▸ What the exercise asks
Would you please output only the lines from the one containing "Viewport: 924px width, 1307px height. At" through the end of the entries below, exactly as written?

── Stored data ──

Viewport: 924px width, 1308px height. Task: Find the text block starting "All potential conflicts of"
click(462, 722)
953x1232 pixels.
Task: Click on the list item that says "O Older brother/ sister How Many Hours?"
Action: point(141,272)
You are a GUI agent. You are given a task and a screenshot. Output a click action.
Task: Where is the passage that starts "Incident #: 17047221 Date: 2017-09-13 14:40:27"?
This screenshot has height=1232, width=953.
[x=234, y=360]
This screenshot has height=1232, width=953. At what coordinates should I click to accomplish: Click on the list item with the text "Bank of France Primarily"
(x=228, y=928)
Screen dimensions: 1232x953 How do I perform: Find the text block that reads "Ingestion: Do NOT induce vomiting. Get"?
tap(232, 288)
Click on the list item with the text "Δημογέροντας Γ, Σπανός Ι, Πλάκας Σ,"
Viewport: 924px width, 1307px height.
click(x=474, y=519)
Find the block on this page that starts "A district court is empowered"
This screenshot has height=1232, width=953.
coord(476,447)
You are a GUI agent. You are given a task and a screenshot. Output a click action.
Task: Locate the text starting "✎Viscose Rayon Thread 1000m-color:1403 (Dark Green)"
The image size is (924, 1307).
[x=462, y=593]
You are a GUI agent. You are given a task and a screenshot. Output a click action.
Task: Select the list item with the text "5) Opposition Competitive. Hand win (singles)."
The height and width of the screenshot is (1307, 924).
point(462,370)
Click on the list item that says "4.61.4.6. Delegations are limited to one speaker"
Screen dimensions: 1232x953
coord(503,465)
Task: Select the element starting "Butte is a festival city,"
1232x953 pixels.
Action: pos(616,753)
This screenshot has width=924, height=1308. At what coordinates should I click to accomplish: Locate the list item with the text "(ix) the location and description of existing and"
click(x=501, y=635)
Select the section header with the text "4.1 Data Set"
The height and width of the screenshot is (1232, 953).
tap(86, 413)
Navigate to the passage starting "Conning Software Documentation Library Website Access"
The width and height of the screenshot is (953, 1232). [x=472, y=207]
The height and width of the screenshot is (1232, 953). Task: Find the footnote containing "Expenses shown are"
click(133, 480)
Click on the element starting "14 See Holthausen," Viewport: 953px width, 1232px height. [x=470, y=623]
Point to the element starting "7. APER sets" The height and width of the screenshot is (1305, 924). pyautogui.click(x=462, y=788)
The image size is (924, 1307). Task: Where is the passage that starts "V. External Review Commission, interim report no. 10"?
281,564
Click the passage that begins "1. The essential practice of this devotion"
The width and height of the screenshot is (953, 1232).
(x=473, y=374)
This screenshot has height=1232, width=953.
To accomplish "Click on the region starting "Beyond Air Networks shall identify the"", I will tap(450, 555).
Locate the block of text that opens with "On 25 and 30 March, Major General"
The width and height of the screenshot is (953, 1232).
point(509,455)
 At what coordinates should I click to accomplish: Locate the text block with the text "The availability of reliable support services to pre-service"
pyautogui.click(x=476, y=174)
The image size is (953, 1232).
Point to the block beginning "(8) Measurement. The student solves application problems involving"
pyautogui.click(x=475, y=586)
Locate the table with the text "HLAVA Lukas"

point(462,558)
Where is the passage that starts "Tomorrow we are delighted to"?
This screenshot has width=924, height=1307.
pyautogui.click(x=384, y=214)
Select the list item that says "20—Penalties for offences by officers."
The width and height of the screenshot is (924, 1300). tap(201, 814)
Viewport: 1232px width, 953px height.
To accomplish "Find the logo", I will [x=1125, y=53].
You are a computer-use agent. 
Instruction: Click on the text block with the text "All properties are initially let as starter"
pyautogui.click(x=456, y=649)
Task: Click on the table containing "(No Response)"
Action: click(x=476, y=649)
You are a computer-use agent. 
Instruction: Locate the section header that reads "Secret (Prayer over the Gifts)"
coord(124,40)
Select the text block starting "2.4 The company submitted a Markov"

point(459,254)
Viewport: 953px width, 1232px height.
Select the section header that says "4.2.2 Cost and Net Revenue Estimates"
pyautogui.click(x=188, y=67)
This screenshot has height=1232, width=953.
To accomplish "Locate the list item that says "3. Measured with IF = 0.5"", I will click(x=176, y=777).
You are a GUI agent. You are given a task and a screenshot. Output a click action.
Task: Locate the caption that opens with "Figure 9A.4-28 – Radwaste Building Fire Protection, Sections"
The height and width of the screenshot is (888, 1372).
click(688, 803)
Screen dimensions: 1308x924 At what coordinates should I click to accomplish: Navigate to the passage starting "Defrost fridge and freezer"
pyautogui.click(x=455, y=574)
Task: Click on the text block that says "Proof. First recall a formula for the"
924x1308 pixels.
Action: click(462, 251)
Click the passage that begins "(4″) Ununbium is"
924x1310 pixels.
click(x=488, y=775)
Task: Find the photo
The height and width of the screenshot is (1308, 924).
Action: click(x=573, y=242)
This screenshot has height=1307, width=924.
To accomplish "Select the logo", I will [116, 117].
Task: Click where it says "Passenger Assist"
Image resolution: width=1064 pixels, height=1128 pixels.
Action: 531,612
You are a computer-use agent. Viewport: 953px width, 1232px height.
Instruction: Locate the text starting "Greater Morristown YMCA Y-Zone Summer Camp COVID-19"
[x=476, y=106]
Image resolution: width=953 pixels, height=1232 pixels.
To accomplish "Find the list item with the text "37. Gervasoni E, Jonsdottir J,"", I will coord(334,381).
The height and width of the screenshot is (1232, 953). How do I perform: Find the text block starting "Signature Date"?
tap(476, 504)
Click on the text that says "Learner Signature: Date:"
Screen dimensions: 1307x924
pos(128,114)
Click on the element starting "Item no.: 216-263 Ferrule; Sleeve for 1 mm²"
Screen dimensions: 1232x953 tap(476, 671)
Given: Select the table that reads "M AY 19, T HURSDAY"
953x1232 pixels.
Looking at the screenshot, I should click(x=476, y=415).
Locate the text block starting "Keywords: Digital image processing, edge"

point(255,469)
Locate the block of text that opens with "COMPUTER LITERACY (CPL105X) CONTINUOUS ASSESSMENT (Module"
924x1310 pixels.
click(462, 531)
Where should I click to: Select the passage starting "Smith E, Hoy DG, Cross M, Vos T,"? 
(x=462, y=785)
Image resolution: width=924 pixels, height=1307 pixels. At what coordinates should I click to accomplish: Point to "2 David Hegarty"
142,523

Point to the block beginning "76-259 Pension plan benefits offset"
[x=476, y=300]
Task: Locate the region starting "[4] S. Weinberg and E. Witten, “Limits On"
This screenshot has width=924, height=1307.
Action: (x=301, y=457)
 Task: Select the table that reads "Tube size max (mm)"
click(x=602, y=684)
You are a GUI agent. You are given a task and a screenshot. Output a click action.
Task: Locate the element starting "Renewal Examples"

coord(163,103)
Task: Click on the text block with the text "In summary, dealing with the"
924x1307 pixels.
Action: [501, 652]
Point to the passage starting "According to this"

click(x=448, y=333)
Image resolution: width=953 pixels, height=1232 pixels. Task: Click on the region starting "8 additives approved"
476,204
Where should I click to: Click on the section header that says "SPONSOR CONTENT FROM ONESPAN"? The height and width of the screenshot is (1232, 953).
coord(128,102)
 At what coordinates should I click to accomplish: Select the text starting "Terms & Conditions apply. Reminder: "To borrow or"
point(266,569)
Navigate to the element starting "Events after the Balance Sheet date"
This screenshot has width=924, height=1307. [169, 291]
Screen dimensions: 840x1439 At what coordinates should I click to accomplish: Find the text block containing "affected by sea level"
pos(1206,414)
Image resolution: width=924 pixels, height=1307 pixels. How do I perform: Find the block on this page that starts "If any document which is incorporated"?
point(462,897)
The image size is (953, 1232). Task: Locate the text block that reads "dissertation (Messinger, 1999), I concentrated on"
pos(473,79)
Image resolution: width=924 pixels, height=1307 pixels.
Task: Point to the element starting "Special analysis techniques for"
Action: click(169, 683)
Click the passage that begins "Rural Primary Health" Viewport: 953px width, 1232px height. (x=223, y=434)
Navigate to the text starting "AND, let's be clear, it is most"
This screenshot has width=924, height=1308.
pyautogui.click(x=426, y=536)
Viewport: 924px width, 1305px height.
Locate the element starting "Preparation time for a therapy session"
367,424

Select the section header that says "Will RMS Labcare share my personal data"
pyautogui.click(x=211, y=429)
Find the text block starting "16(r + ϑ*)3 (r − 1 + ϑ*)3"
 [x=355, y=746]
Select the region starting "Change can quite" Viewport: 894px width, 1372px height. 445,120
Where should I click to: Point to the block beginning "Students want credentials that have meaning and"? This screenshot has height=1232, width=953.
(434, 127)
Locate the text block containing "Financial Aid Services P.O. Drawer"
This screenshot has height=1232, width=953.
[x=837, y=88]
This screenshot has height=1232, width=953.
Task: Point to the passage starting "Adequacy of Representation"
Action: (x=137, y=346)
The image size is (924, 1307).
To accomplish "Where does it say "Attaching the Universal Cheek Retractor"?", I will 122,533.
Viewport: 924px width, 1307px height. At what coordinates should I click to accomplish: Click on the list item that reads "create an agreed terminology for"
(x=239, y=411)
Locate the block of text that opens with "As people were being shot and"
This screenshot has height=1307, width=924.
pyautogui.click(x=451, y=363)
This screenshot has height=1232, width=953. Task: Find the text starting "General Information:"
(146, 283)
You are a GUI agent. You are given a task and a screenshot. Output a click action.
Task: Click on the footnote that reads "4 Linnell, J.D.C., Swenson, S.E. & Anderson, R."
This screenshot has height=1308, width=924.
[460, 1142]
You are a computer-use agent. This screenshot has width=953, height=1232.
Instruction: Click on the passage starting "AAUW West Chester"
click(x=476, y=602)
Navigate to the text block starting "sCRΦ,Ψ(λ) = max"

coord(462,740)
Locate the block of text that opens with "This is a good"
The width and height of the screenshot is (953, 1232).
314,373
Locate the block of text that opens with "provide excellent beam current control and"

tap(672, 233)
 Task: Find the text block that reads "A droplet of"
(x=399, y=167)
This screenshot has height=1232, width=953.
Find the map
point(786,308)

───

▸ Solution
Viewport: 924px width, 1307px height. At what coordinates should I click to accomplish: Click on the list item that reads "create an agreed terminology for"
(x=239, y=411)
Locate the block of text that opens with "As people were being shot and"
This screenshot has height=1307, width=924.
pyautogui.click(x=451, y=363)
This screenshot has height=1232, width=953. Task: Find the text starting "General Information:"
(146, 283)
You are a GUI agent. You are given a task and a screenshot. Output a click action.
Task: Click on the footnote that reads "4 Linnell, J.D.C., Swenson, S.E. & Anderson, R."
This screenshot has height=1308, width=924.
[460, 1142]
You are a computer-use agent. This screenshot has width=953, height=1232.
Instruction: Click on the passage starting "AAUW West Chester"
click(x=476, y=602)
Navigate to the text block starting "sCRΦ,Ψ(λ) = max"

coord(462,740)
Locate the block of text that opens with "This is a good"
The width and height of the screenshot is (953, 1232).
314,373
Locate the block of text that opens with "provide excellent beam current control and"

tap(672, 233)
 Task: Find the text block that reads "A droplet of"
(x=399, y=167)
This screenshot has height=1232, width=953.
Find the map
point(786,308)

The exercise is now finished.